A IN n° 65/2019 permite também, no processo de fabricação da bebida, a adição de produtos de origem animal como o leite e mel, além de madeira às leveduras do gênero Saccharomyces. E qualquer eventual uso de outros ingredientes deverá ficar explícito na rotulagem.

Classificação quanto ao conteúdo alcoólico

A classificação que as cervejas recebem quanto a seu conteúdo alcoólico seguem as seguintes normas:

  • “cerveja sem álcool” ou “cerveja desalcoolizada”: o conteúdo alcoólico é inferior ou igual a 0,5% em volume (0,5% v/v);
  • “cerveja com teor alcoólico reduzido” ou “cerveja com baixo teor alcoólico”: o conteúdo alcoólico é superior a 0,5% em volume (0,5% v/v) e inferior ou igual a 2,0% em volume (2,0% v/v);
  • “cerveja”: seu conteúdo alcoólico é superior a 2,0% em volume (2,0% v/v).
ISO 22000:2018 – Medidas de Controle

A importância da IN n° 65/2019

A IN n° 65/2019 estava em discussão desde 2012 e contou com a participação da sociedade e do setor produtivo, além da realização de numerosas consultas e audiências públicas.

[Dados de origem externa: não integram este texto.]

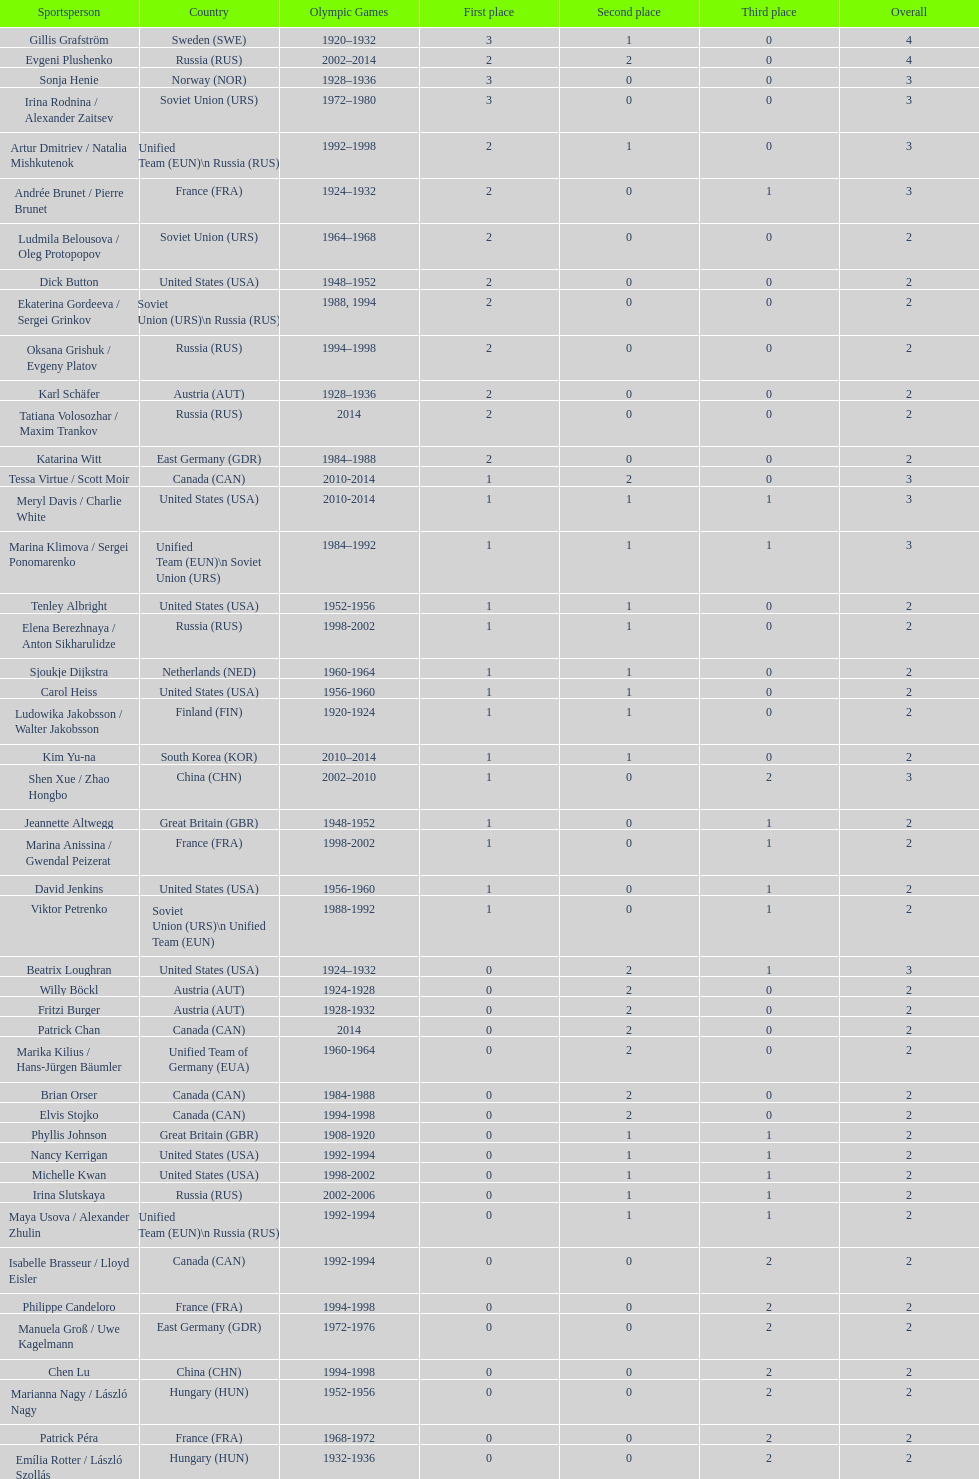How many silver medals did evgeni plushenko get? 2. 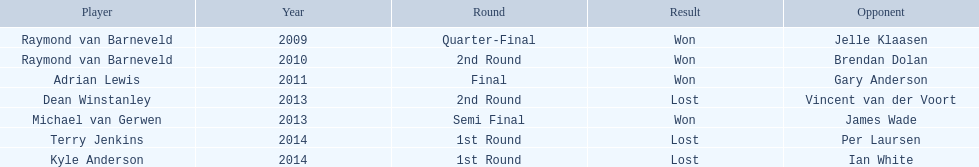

Com isso, esta IN veio para facilitar a vida das cervejarias (especialmente as artesanais), do consumidor e de todo aquele apaixonado por cerveja. Por meio dela foram simplificadas as informações constantes nos rótulos, tornando-a mais simples e direta, facilitando a comunicação entre produtor e mercado consumidor.

Segundo informações constantes em nota do próprio MAPA, o presidente da Câmara Setorial da Cadeia Produtiva da Cerveja, Carlo Lapolli, reconhece que a IN n° 65/2019 “não vai alterar o custo final do produto e vai facilitar o registro de novas cervejarias no Ministério. É consenso no setor cervejeiro que o consumidor está ávido por novidades e o país precisa acompanhar o mercado internacional, com produtos modernos e de maior valor agregado”.

O prazo para que todos se adequam às alterações constantes na IN n° 65/2019 é de 365 dias da data de publicação. Ou seja, até 11 de dezembro de 2020, todas as cervejas produzidas e comercializadas no Brasil precisam seguir os padrões de identidade, qualidade e rotulagem, garantindo maior segurança para todo o processo, desde a fabricação até o consumo final.